# My laptop screen flickers until I press on it.



## army_stud (Nov 7, 2006)

My laptop screen flickers until I press on it. I have Fujitsu Lifebook (N Series) and it was working fine until recently when the screen started flickering. I notice that when I press on the corners of the screen, it stops for a second but I have to poke at it for a while to get it to stop for long enough to get any work done. It's depressing because I have work to do and I don't even enjoy using my laptop anymore. 

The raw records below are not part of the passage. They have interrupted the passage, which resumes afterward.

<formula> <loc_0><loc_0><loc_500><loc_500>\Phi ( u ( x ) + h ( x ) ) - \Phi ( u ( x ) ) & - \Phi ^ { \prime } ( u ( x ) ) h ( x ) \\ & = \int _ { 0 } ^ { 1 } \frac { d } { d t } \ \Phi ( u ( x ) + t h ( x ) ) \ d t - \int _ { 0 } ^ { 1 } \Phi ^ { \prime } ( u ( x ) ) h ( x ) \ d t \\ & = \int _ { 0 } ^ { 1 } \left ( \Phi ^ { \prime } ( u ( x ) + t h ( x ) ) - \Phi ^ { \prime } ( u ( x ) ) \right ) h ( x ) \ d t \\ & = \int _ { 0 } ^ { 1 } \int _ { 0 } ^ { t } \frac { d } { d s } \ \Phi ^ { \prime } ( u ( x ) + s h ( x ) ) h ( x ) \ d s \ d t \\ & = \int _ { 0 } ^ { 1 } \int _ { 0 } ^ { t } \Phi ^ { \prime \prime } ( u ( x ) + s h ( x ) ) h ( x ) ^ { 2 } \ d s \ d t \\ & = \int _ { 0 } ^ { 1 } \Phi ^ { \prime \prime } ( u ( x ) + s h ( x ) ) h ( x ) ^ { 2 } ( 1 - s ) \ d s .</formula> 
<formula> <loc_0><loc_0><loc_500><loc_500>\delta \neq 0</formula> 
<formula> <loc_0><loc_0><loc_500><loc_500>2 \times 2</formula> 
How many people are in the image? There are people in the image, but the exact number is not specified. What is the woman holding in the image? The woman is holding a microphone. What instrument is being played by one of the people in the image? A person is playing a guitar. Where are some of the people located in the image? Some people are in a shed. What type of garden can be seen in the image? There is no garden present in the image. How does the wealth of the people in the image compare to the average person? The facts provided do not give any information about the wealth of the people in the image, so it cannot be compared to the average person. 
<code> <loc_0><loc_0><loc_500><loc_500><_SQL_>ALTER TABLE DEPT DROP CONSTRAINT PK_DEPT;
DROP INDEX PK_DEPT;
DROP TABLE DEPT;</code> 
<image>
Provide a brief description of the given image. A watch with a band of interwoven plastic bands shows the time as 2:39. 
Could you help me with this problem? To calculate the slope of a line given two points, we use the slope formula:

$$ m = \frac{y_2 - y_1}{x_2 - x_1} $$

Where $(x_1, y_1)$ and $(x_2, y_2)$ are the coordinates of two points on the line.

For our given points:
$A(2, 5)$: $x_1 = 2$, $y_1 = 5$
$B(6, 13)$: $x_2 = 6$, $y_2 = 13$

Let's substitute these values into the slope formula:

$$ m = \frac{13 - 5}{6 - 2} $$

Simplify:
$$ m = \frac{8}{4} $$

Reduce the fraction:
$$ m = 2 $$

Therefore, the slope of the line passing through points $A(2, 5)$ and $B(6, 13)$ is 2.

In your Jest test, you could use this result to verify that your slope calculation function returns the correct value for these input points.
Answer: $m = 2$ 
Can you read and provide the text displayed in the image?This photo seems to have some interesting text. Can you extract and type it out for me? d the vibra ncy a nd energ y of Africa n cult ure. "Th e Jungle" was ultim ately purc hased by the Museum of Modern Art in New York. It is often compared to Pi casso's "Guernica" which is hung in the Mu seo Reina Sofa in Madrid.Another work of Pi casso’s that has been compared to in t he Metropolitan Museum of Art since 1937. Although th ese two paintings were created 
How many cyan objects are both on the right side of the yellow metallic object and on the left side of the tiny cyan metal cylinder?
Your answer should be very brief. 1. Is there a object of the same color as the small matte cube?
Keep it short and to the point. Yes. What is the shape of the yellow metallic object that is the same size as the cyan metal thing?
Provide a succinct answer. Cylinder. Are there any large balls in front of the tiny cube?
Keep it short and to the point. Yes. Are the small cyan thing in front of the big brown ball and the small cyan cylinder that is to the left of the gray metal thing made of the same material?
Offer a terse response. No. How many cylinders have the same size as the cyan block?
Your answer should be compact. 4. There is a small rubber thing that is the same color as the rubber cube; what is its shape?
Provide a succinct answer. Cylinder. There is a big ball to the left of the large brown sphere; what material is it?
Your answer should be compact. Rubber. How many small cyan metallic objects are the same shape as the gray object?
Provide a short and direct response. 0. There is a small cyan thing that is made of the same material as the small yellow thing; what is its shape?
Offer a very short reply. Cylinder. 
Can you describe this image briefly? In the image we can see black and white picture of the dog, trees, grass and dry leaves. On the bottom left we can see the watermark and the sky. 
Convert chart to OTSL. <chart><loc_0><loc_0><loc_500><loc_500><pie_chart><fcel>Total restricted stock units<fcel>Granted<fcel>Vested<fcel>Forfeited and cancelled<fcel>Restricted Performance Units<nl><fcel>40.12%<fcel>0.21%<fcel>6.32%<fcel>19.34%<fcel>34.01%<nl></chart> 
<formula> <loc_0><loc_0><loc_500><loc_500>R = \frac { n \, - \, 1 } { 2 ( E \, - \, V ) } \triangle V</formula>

Why is my screen flickering and how do I fix it? What do I need to do?


----------



## army_stud (Nov 7, 2006)

If this is a loose connection, how do I fix it?


----------



## laboye (Apr 11, 2006)

Hi and welcome to TSF! You will need to take a look at the connection from the screen to the base of the system. This will be somewhere under the keyboard. Please provide the model of the machine if you can.


----------



## army_stud (Nov 7, 2006)

*My computer is a Fujitsu Lifebook Laptop N6010 (N Series)*

My computer is a Fujitsu Lifebook Laptop N6010 (N Series) Fujitsu Lifebook Laptop N6010 (N Series)


----------



## supergato (Nov 22, 2008)

I have the same problem with a Dell xps M140. Need help thank you. I'm about to take it apart and check connections. But this is my roommates laptop so I'm worried. 
Thank you!


----------



## anjelique (Nov 23, 2008)

I had the EXACT same problem with my Acer Aspire notebook and just had to send it back under warranty. I lived with that problem for 5 months during which time I just clipped my screen with an oversized bulldog clip to stop the flickering. That was great until the entire 1/4 of the screen died and blacked out altogether, leaving me with a very, VERY strange viewable area -- had to move my taskbar to the left of my peripheries to see the startup bar.

Moving the laptop around to different locations seemed to exacerbate the problem... something to do knocking around the loose connections or something apparently -- I think the tech support thought I was dumb.

In my opinion, you should send it back to the manufacturer -- it's nothing you can figure out how to deal with on your own or get it repaired before the problem gets worse.

Good luck! Oh... and NEVER buy Acer if you can help it, no matter how enticing the price may appear!


----------